2019-07-12T17:52:08.640Z: Fetched 10 tokens.
2019-07-12T17:52:08.641Z: processing one item.
2019-07-12T17:52:08.641Z: processing one item.
2019-07-12T17:52:08.641Z: processing one item.
2019-07-12T17:52:08.641Z: processing one item.
2019-07-12T17:52:08.641Z: processing one item.
2019-07-12T17:52:08.641Z: processing one item.
2019-07-12T17:52:08.641Z: processing one item.
2019-07-12T17:52:08.641Z: processing one item.
2019-07-12T17:52:08.641Z: processing one item.
2019-07-12T17:52:08.642Z: processing one item.
2019-07-12T17:52:08.966Z: Fetched 10 tokens.
2019-07-12T17:52:08.966Z: processing one item.
2019-07-12T17:52:08.966Z: processing one item.

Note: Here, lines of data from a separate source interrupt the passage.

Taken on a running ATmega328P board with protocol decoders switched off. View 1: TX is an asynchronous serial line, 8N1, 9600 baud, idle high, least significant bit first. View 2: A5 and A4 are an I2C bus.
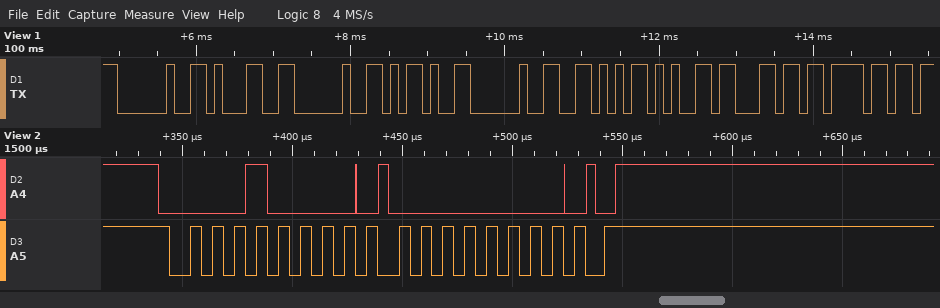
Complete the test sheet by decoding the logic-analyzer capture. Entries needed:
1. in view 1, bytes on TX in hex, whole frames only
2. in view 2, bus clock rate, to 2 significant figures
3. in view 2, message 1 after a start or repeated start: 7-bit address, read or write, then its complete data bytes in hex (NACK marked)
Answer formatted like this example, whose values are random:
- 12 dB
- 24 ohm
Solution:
- 20 31 20 2D 20 56 65 6C 6F
- 100 kHz
- 0x08 write: 00

2019-07-12T17:52:08.966Z: processing one item.
2019-07-12T17:52:08.966Z: processing one item.
2019-07-12T17:52:08.966Z: processing one item.
2019-07-12T17:52:08.966Z: processing one item.
2019-07-12T17:52:08.966Z: processing one item.
2019-07-12T17:52:08.966Z: processing one item.
2019-07-12T17:52:08.966Z: processing one item.
2019-07-12T17:52:08.966Z: processing one item.
2019-07-12T17:52:09.294Z: Fetched 0 tokens.
2019-07-12T17:52:09.635Z: Fetched 3 tokens.
2019-07-12T17:52:09.635Z: processing one item.
2019-07-12T17:52:09.636Z: processing one item.
2019-07-12T17:52:09.636Z: processing one item.
2019-07-12T17:52:09.965Z: Fetched 0 tokens.
2019-07-12T17:52:10.294Z: Fetched 0 tokens.
2019-07-12T17:52:10.636Z: Fetched 3 tokens.
2019-07-12T17:52:10.636Z: processing one item.
2019-07-12T17:52:10.636Z: processing one item.
2019-07-12T17:52:10.637Z: processing one item.
2019-07-12T17:52:10.965Z: Fetched 0 tokens.
2019-07-12T17:52:11.296Z: Fetched 0 tokens.
2019-07-12T17:52:11.628Z: Fetched 3 tokens.
2019-07-12T17:52:11.629Z: processing one item.
2019-07-12T17:52:11.629Z: processing one item.
2019-07-12T17:52:11.629Z: processing one item.
2019-07-12T17:52:11.955Z: Fetched 0 tokens.

Answer 3 · 2019-07-17T09:12:20.000Z

Sorry for not getting back to this sooner. I think it is fine to have this here first. But also it generalizes throttle quite well. I think it could be promoted to the akka-stream module eventually.